Stored items
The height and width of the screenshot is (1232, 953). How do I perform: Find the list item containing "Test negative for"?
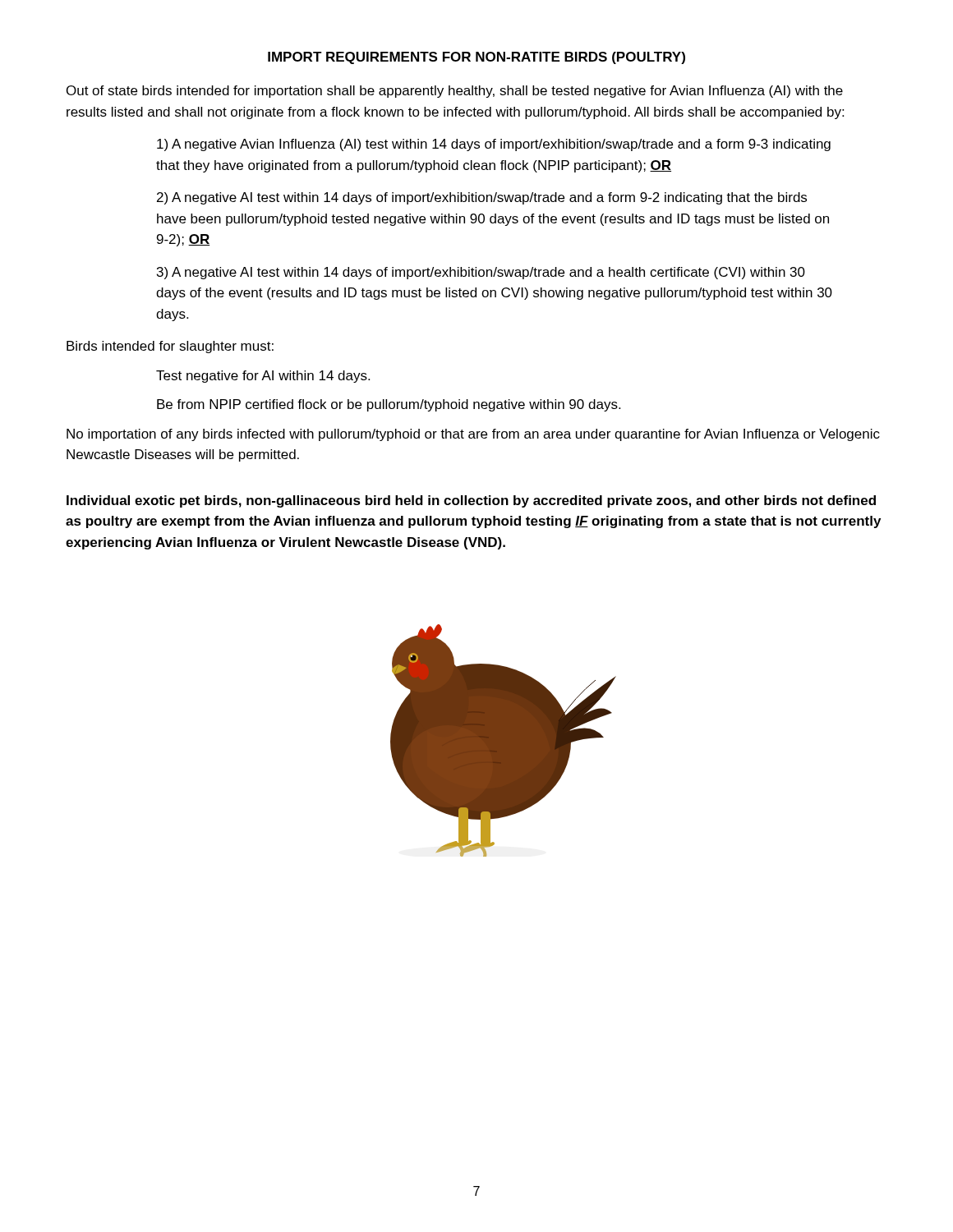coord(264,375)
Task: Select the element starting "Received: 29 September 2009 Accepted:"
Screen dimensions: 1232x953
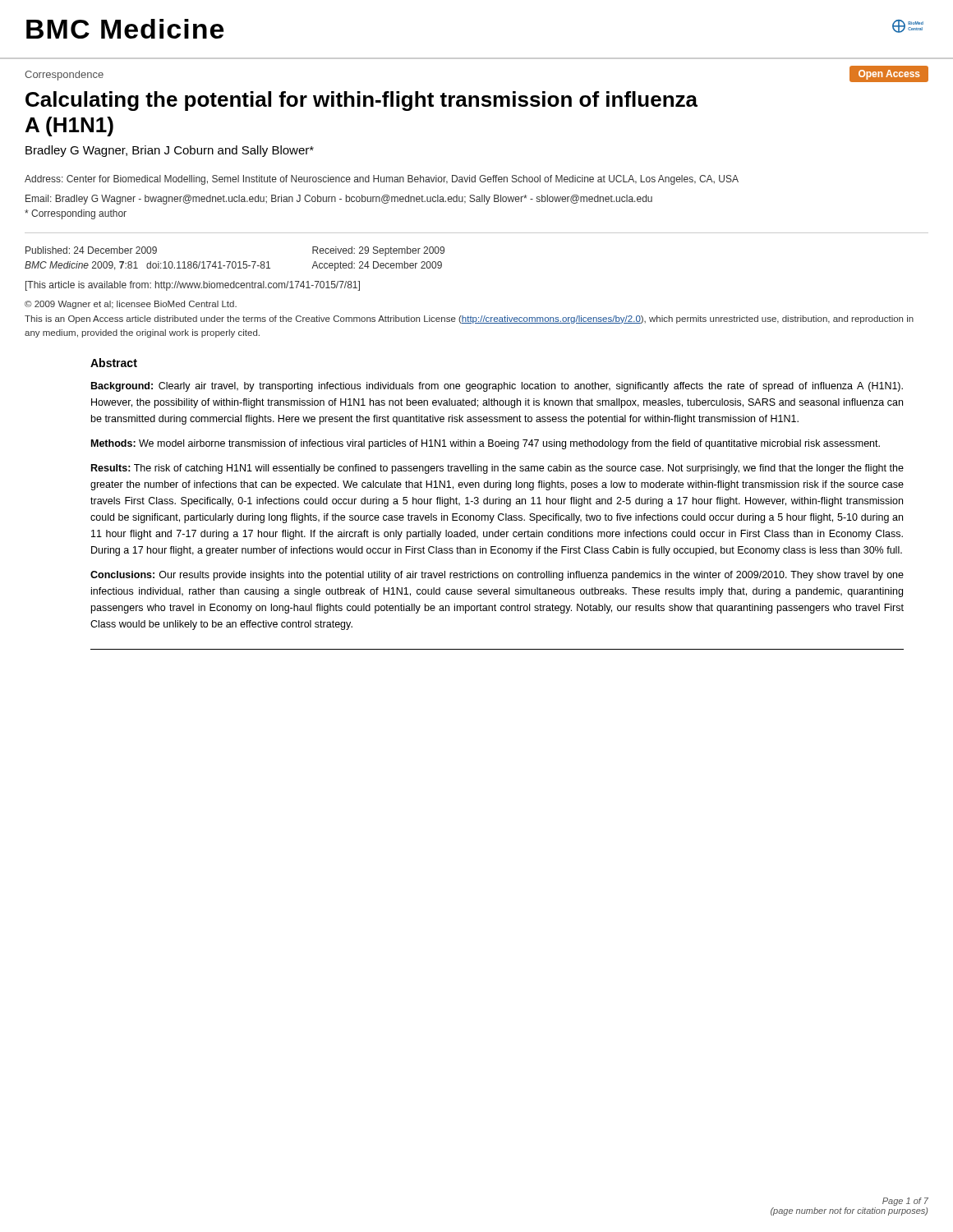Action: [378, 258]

=== REQUIRED WORK ===
With the pictures dropped, write out all of the entries word for word.

=== ANSWER SPACE ===
The height and width of the screenshot is (1232, 953). How do I perform: Find the list item containing "Test negative for"?
coord(264,375)
Task: Select the element starting "Received: 29 September 2009 Accepted:"
Screen dimensions: 1232x953
Action: [378, 258]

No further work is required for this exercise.